Loan Update – December 2018

Spurs have a number of players out on loan as it stands:

  • Cameron Carter-Vickers (1997) – Swansea City, Championship
  • Josh Onomah (1997) – Sheffield Wednesday, Championship
  • Connor Ogilvie (1996) – Gillingham, League One
  • Marcus Edwards (1998) – Excelsior, Eredivisie
  • Sam Shashoua (1999) – Atlético Baleares, Segunda División B – Group 3 (Spanish third tier)

Cameron Carter-Vickers

Carter-Vickers has played 413 minutes for Swansea City across eight appearances, four from the start. He has essentially been unable to displace Mike van der Hoorn or Swansea’s own Academy prospect, 21-year old Joe Rodon. Rumours suggest that talks are ongoing as to whether Carter-Vickers will be recalled, with Ipswich waiting in the wings to take him for the second half of the season if that is ultimately agreed.

Josh Onomah

Josh Onomah has endured another unhappy loan spell. Jos Luhukay was sacked as manager last week — one of his final duties was to publicly criticise Onomah, who he withdrew at half-time in his final match.

Caretaker manager Lee Bullen put Onomah straight back in the line-up for the match against Preston North End and was rewarded with an assist. I was able to watch the game, and had a few thoughts on Onomah which I tweeted in this thread:

Sheffield Wednesday grew in confidence as the match went on.

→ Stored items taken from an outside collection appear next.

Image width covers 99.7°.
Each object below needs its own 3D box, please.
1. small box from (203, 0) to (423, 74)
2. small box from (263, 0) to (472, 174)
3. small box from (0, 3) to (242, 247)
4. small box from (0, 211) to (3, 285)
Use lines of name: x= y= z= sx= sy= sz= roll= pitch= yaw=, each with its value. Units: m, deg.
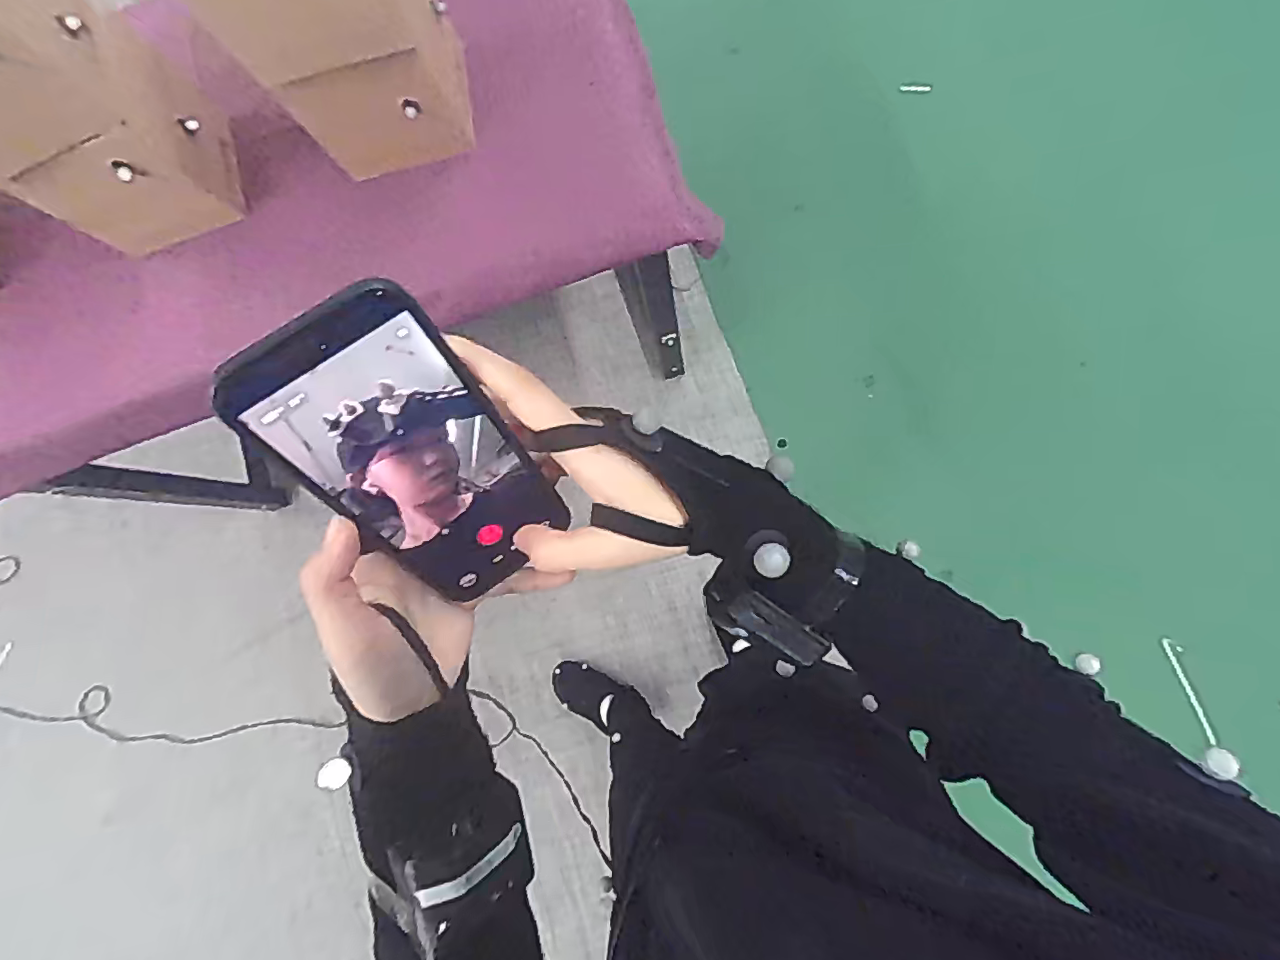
small box: x=-0.327 y=-0.521 z=0.494 sx=0.179 sy=0.176 sz=0.168 roll=-10 pitch=82 yaw=5
small box: x=-0.319 y=-0.513 z=0.658 sx=0.179 sy=0.176 sz=0.168 roll=-10 pitch=82 yaw=6
small box: x=-0.649 y=-0.433 z=0.689 sx=0.179 sy=0.176 sz=0.168 roll=-16 pitch=81 yaw=5
small box: x=-1.028 y=-0.346 z=0.727 sx=0.168 sy=0.176 sz=0.179 roll=-15 pitch=82 yaw=5

This coincided with them playing through Onomah in midfield rather than bypassing him, and it ultimately led to the goal, which Onomah created with a cross.

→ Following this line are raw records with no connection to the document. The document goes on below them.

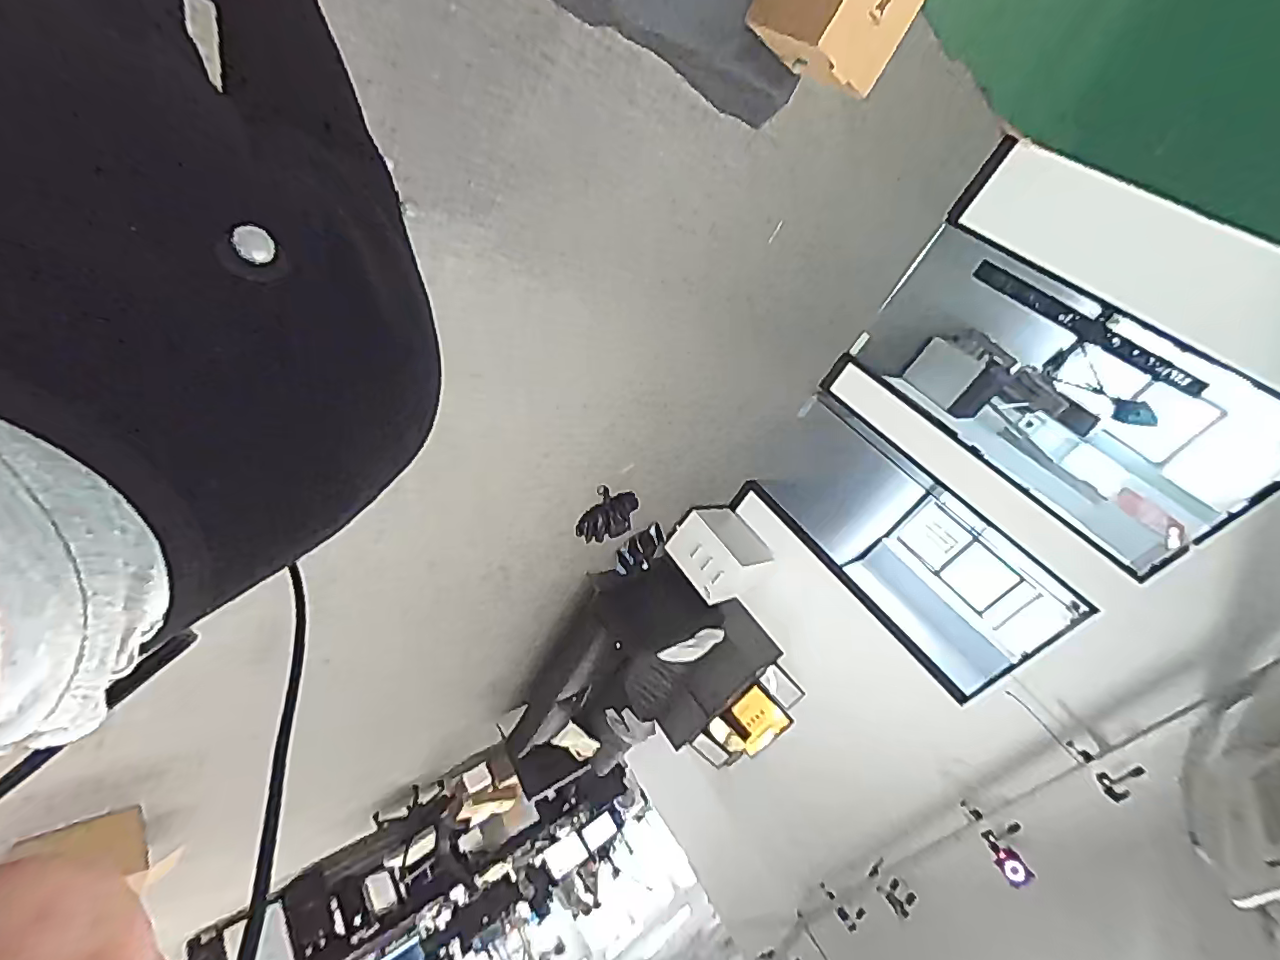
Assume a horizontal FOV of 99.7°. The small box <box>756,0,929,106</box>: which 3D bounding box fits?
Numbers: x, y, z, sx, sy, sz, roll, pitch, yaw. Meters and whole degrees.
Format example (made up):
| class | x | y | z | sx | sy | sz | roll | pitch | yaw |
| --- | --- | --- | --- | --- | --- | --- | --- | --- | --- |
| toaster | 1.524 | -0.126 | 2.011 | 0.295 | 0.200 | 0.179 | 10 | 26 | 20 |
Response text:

From my perspective he did not have an outstanding game — certainly not close to the levels we’ve seen him at for Spurs Under-18s, Under-23s, or England Under-20s, but he was good, and a lot of Wednesday’s fans were raving about him afterwards and hoping that this is the start of things to come.

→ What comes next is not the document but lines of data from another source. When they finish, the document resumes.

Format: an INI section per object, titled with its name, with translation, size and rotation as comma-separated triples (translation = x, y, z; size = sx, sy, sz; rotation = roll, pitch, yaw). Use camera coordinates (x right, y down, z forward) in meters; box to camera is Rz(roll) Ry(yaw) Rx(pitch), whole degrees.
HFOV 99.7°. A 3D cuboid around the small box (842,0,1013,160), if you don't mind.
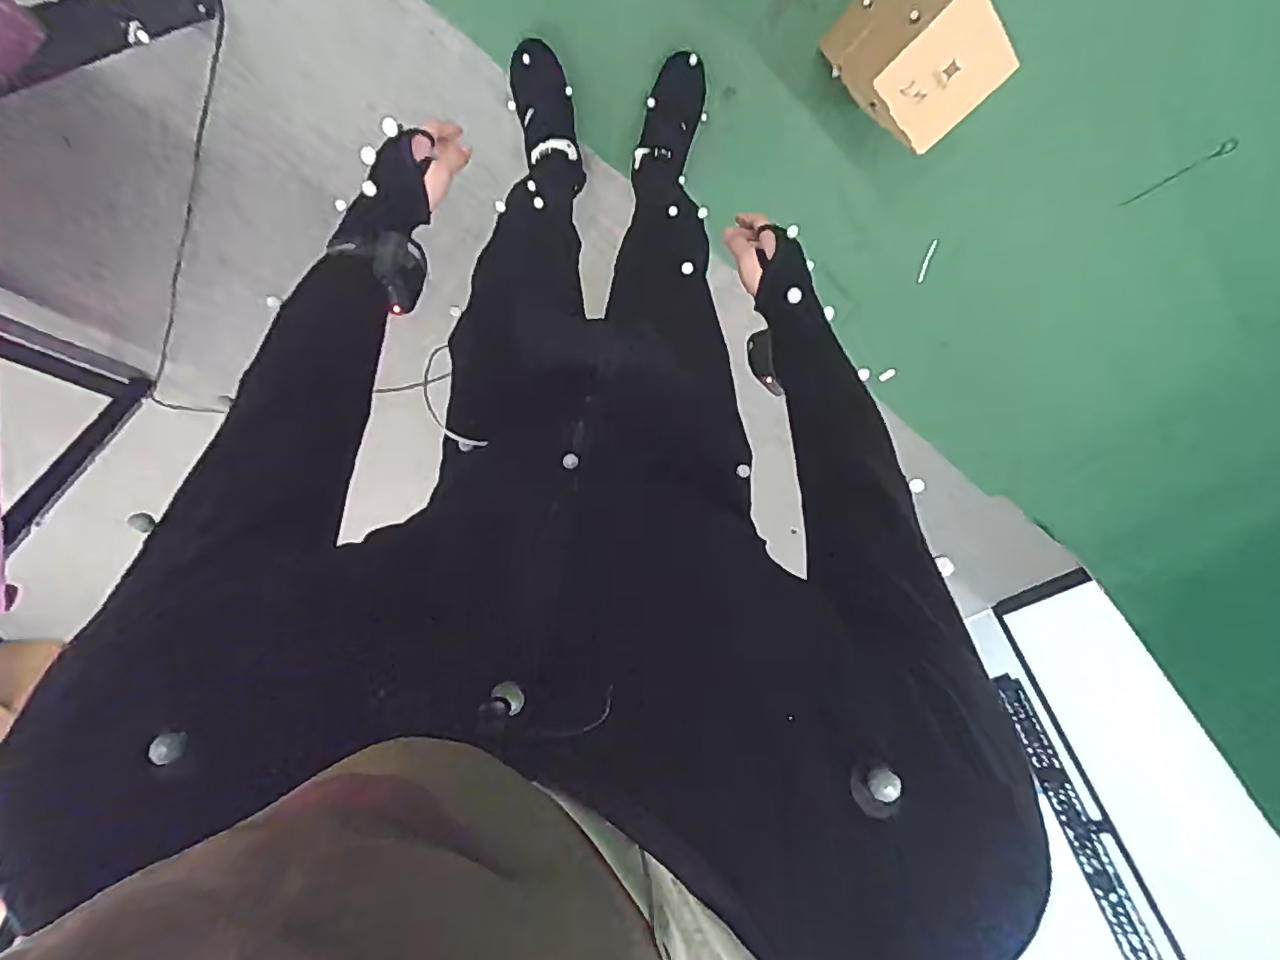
[small box]
translation = 0.481, -0.705, 0.925
size = 0.168, 0.176, 0.179
rotation = 29, 128, -31

The problem is that Steve Bruce is likely to take over. The same Steve Bruce who had Onomah at Villa, and arguably did not make the best use of him; it will be interesting to see how Spurs handle this one. On one hand, they could argue that adversity is character-building. On the other, Onomah needs to be playing in a possession-based team to be able to showcase his talent.

At this point it looks likely to me that Pochettino has made his mind up on Onomah, and I suspect he will move on at the end of the season. I personally think that that is best for his career; he would be better off joining a Championship club, establishing himself and working his way back up to the Premier League. It’s a pity that the stars haven’t aligned for Onomah in the same way that they did for Harry Winks, but the reality is that in the current climate, Premier League managers see less risk in spending money on players who had already got some games under their belts, something I wrote about last week.

Connor Ogilvie

Ogilvie has found starts trickier to come across in his second spell at Gillingham, though he has been back in their first team for the past four league matches. Ogilvie turns 23 in February and I presume this loan must be another ‘audition’ for a permanent move to the Gills, where he seems to fit in reasonably well.

Marcus Edwards

Edwards has found himself out of the way Excelsior team lately after a good early run in which he’d started seven straight matches, so when he was named on the bench against Heracles last night I didn’t pay much attention. With quarter of an hour to go, I noticed he’d come on – streams of Eredivisie matches are very easy to find so I managed to catch a bit. His side were 3-0 down at the time and the team were struggling to move the ball out of defence. Edwards was coming into the centre of the pitch and willing to take the ball anywhere, turning sharply and committing players. His teammates seemed to have been directed to give the ball to him, which hopefully suggests that he might find his way back into the starting XI next time out. I also saw him tear back into position to cover breaks a couple of times; his lack of defensive instinct was something people had previously criticised him for, so this was pleasing.

Sample sizes are relatively small and he’s at a struggling side, but their points per game are 0.57 when he doesn’t start compared to 1.14 when he does. I’ve caught three or four matches and he’s generally been their most lively player, though his decision making has been an issue and he’s only registered one assist so far. Still, as long as he plays some games in the second half of the season then you’d have to say that this is infinitely better for him than occasional Under-23 matches.

Best case scenario: he establishes himself again in the second half of the season, registers a few goals and assists and is given a clean slate in pre-season 2019/20.

Sam Shashoua

Sam Shashoua, or just ‘Samuel’ as the Spanish commentators charmingly refer to him, is having a lovely time at Club Deportivo Atlético Baleares in Majorca. The Spanish third tier seems to be a good fit for his physical development, and a season of regular matches out on the left wing will stand him in good stead for next year.

He has so far racked up 3 goals and 2 assists in 997 minutes, a goal or assist every 199 minutes; not bad for a 19-year old making his first steps into competitive men’s football. Shashoua could easily play League One football, but given how well he seems to have settled, it makes sense to leave him at Baleares and to see how he looks after a full season. I suspect he could be a player who goes on the first team’s pre-season tour, and from there who knows what can happen: just look at Luke Amos before injury cruelly robbed him of potential opportunities.